Having won their first Series in 86 years back in 2004, the last decade-plus has marked a very strong return to form for one of baseball's oldest big league clubs. So how did they do it?

Quick background: in late 2002, team owner and hedge fund manager,
John W. Henry (with his partners) bought the Boston Red Sox and its historic Fenway Park for a reported sum of $695 million.

Henry and Co. quickly set out to find their ideal General Manager (GM) to help turn around their newly acquired, ailing ship.


This brings us to one of my favorite scenes from the 2011 film, Moneyball, in which John W. Henry (played by Arliss Howard) attempts to woo Oakland A's GM Billy Beane (Brad Pitt) over to Boston with an excellent job offer

 
 

What I love about this scene is that it packs so much value and insight (that goes far beyond the sport of baseball) into a short, two minute dialogue.

As Henry tells Beane (Pitt) in this scene, "For $41 million, you built a playoff team... You won as many games as the Yankees won, but they spent $1.4 million per win and you paid $260,000."
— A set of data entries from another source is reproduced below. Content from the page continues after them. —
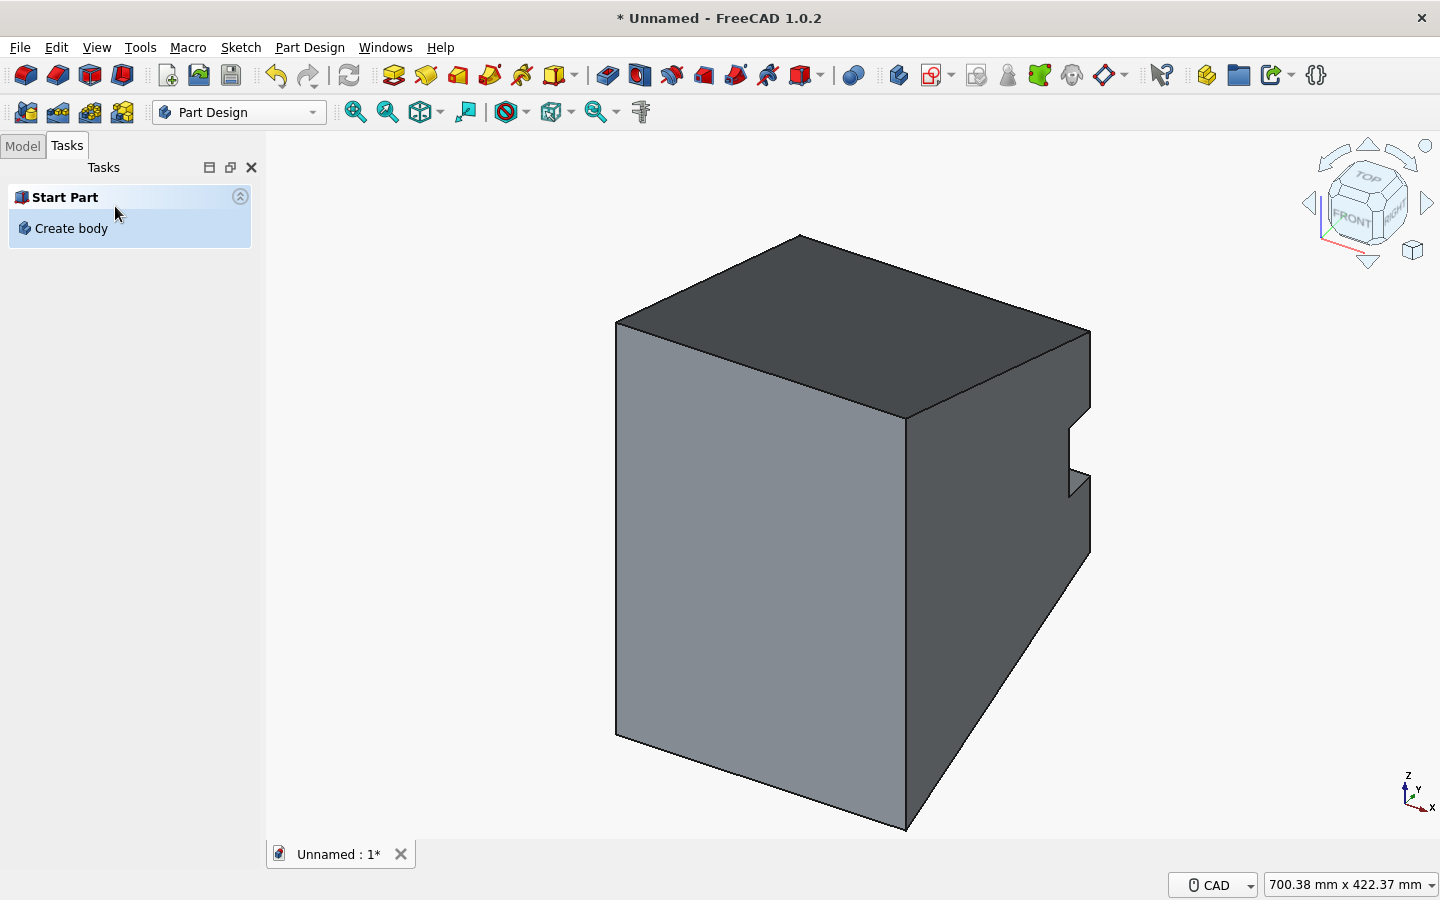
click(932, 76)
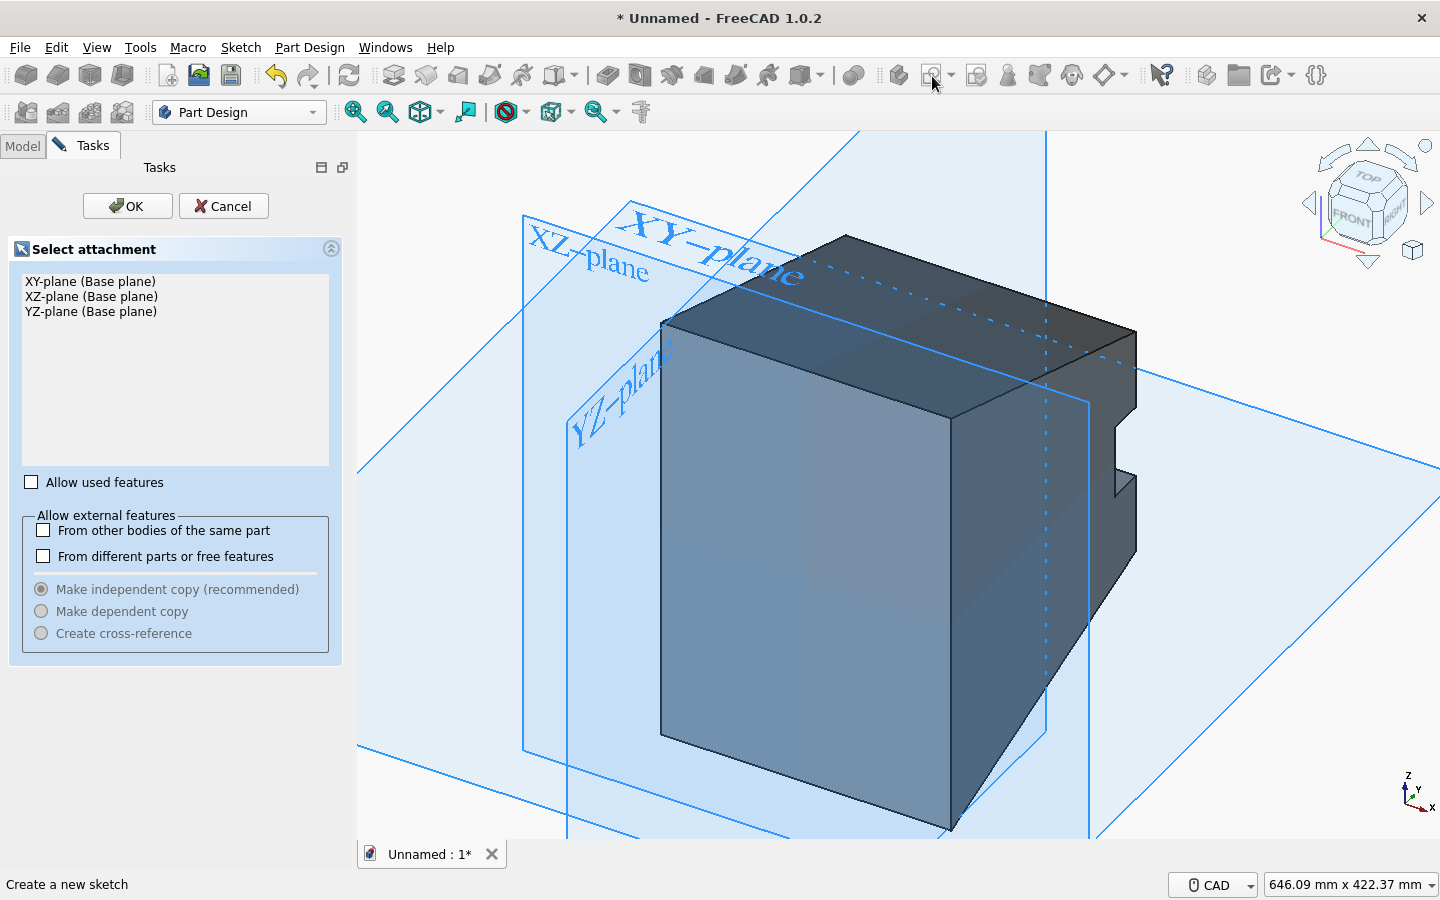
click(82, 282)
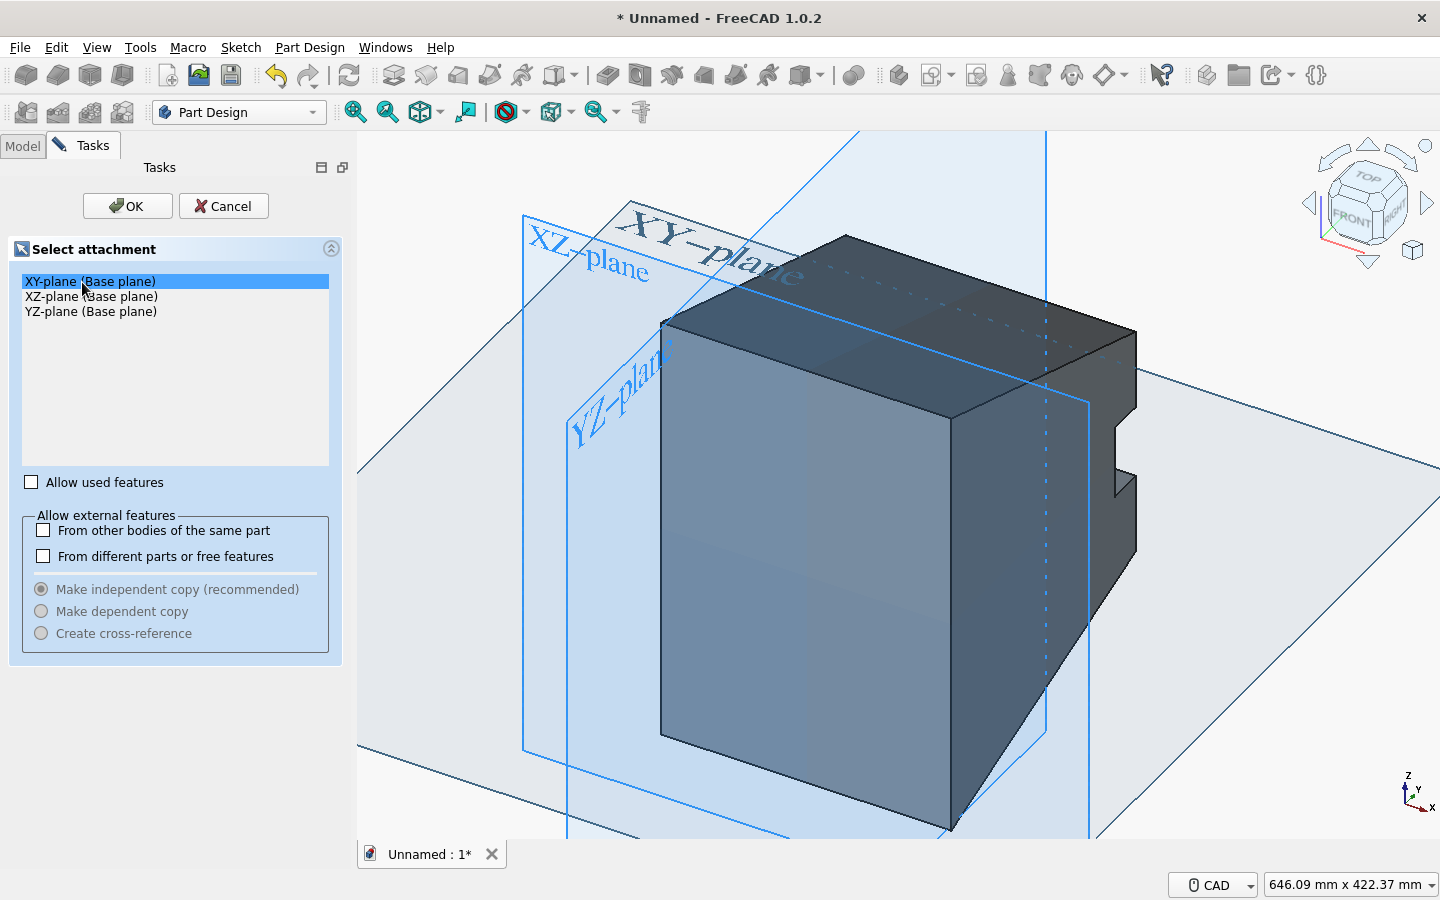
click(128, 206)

"I know you're taking it in the teeth now, but the first guy through the wall always gets bloodied. Always."

"This is threatening not just their way of doing business, but threatening the game. But really it's threatening their livelihood, their jobs... Every time that happens, whether it's a government or a way of doing business, the people who are holding the reigns go batshit crazy."

"Anybody who is not tearing their team down right now and rebuilding it using your model is a dinosaur. They'll be sitting on their ass in October, watching the Boston Red Sox win the World Series."
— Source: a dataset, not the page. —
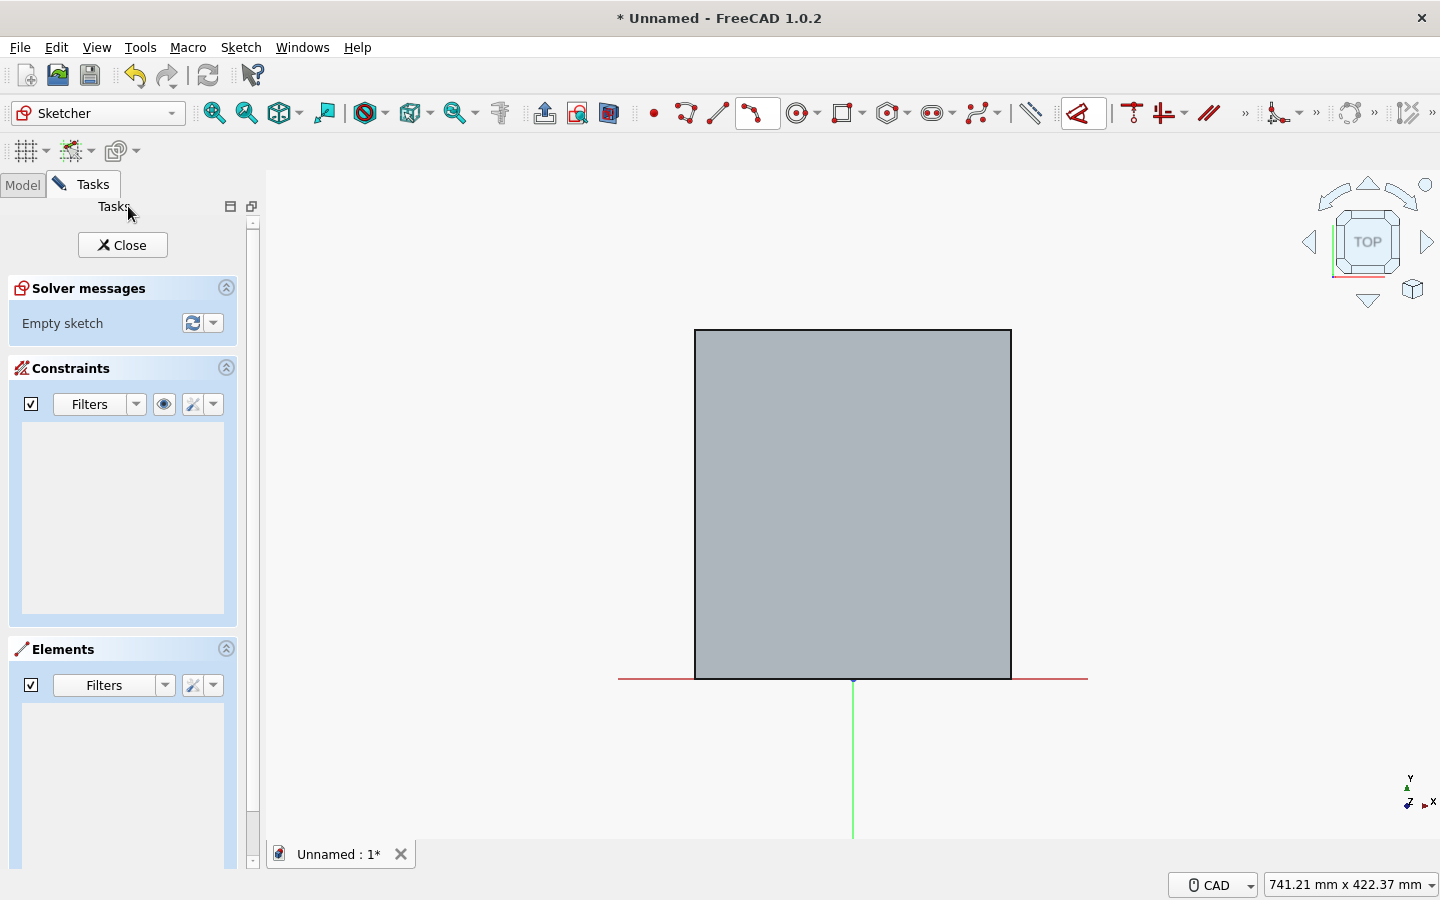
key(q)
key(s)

John Henry's shrewd eye for value and statistical analysis, which played a major role in his trading career, was a decisive factor in turning the Boston Red Sox into one of baseball's most successful franchises.

As it happens, Billy Beane didn't end up taking the job with Red Sox, who instead hired Bill James acolyte, Theo Epstein as their GM. Soon after, Boston was able to break "The Curse of the Bambino" by winning their first World Series since 1918.

After winning two World Series championships with Boston, Epstein went on to help turn around my home team, joining the beleaguered Chicago Cubs in 2011. The Cubs won their first World Series in over 100 years in 2016.

The championships are wonderful, but for me the real point of this story is that these teams made a break with tradition, while disregarding their critics, in order to create a winning system and a whole new style of play.

As Billy Beane told ESPN, "It’s all about evaluating skills and putting a price tag on them."

"...Thirty years ago, stockbrokers used to buy stock strictly by feel.  Anyone in the game with a 401(k) has a choice.  They can choose a fund manager who manages their retirement by gut instinct, or one who chooses by research and analysis.  I know which I’d choose."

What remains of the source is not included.